• PROBLEM REQUIREMENTS
Retype the whole listing verbatim and keep the pictures out of it.

*** Begin section ***

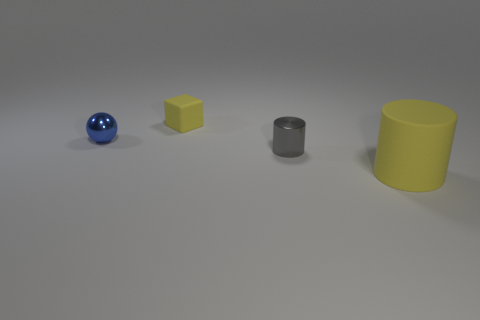There is a big object; how many cylinders are behind it?
Your response must be concise. 1. What color is the cylinder that is made of the same material as the small yellow thing?
Keep it short and to the point. Yellow. Does the gray metallic cylinder have the same size as the object that is on the right side of the small gray metallic cylinder?
Keep it short and to the point. No. What is the size of the yellow object on the right side of the yellow thing that is behind the cylinder behind the yellow cylinder?
Offer a very short reply. Large. What number of rubber things are small red blocks or tiny cylinders?
Give a very brief answer. 0. What color is the matte object in front of the yellow matte cube?
Your answer should be compact. Yellow. What shape is the matte thing that is the same size as the gray shiny thing?
Offer a very short reply. Cube. Is the color of the tiny metallic ball the same as the rubber object that is to the left of the tiny gray shiny thing?
Provide a short and direct response. No. How many things are yellow things that are in front of the metallic cylinder or small objects behind the gray metallic cylinder?
Your answer should be very brief. 3. There is a cylinder that is the same size as the blue metallic ball; what is it made of?
Offer a terse response. Metal. 
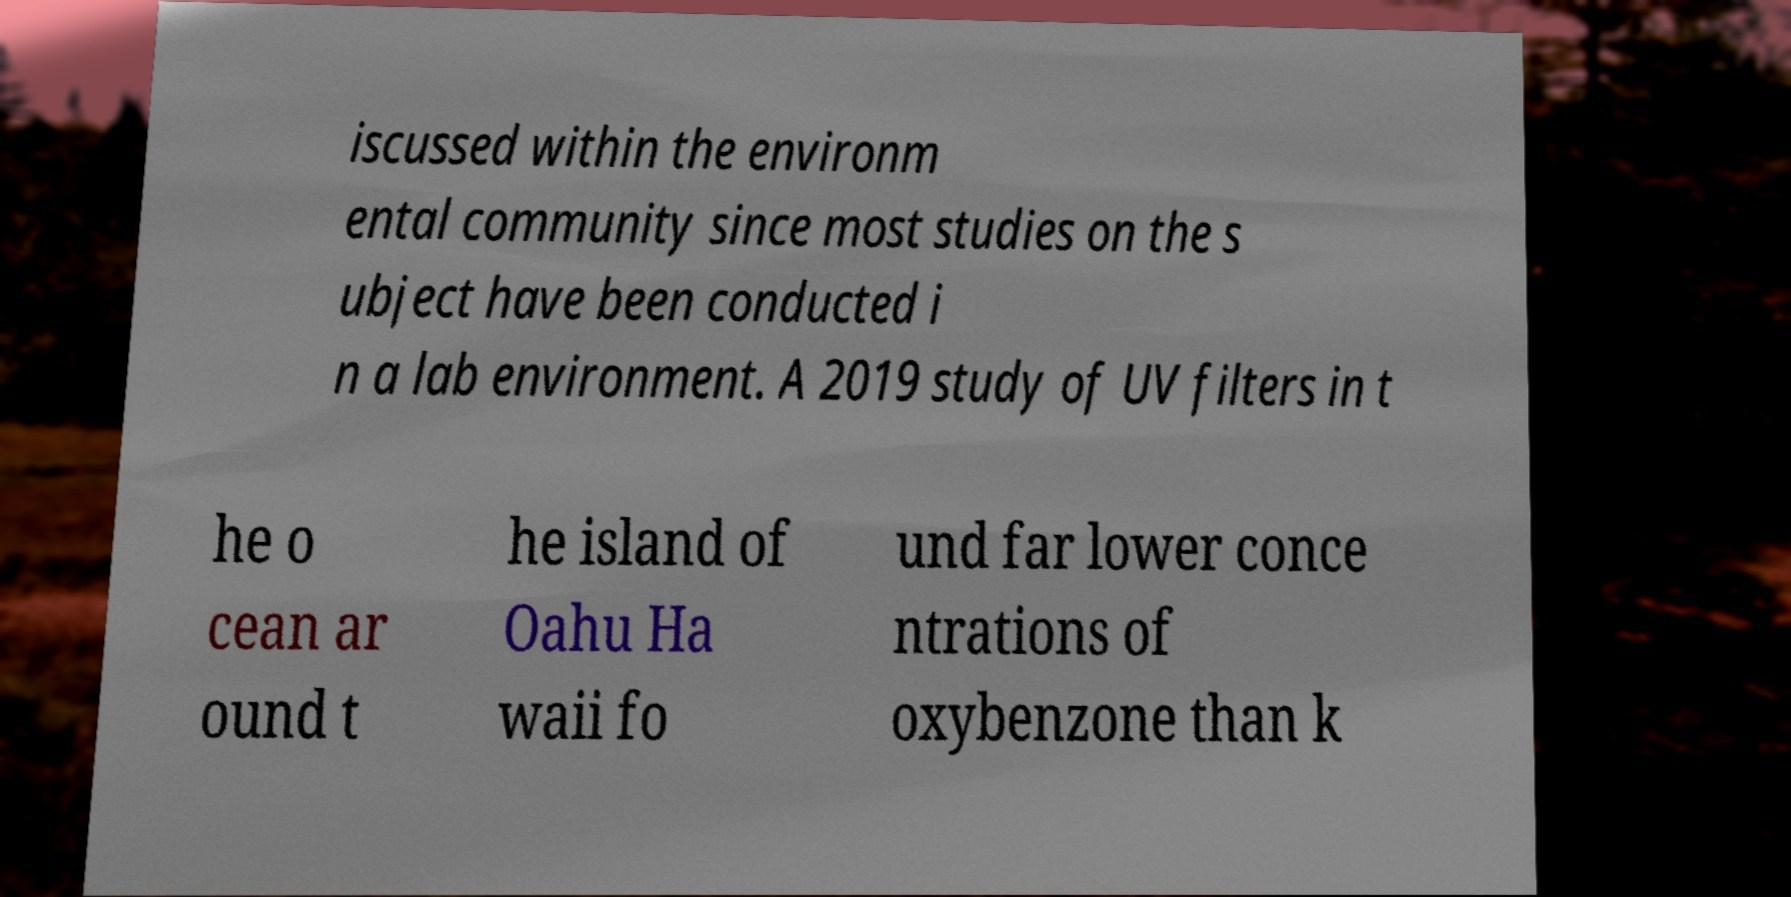For documentation purposes, I need the text within this image transcribed. Could you provide that? iscussed within the environm ental community since most studies on the s ubject have been conducted i n a lab environment. A 2019 study of UV filters in t he o cean ar ound t he island of Oahu Ha waii fo und far lower conce ntrations of oxybenzone than k

*** End section ***

• SOLUTION
There is a big object; how many cylinders are behind it?
Your response must be concise. 1. What color is the cylinder that is made of the same material as the small yellow thing?
Keep it short and to the point. Yellow. Does the gray metallic cylinder have the same size as the object that is on the right side of the small gray metallic cylinder?
Keep it short and to the point. No. What is the size of the yellow object on the right side of the yellow thing that is behind the cylinder behind the yellow cylinder?
Offer a very short reply. Large. What number of rubber things are small red blocks or tiny cylinders?
Give a very brief answer. 0. What color is the matte object in front of the yellow matte cube?
Your answer should be compact. Yellow. What shape is the matte thing that is the same size as the gray shiny thing?
Offer a very short reply. Cube. Is the color of the tiny metallic ball the same as the rubber object that is to the left of the tiny gray shiny thing?
Provide a short and direct response. No. How many things are yellow things that are in front of the metallic cylinder or small objects behind the gray metallic cylinder?
Your answer should be very brief. 3. There is a cylinder that is the same size as the blue metallic ball; what is it made of?
Offer a terse response. Metal. 
For documentation purposes, I need the text within this image transcribed. Could you provide that? iscussed within the environm ental community since most studies on the s ubject have been conducted i n a lab environment. A 2019 study of UV filters in t he o cean ar ound t he island of Oahu Ha waii fo und far lower conce ntrations of oxybenzone than k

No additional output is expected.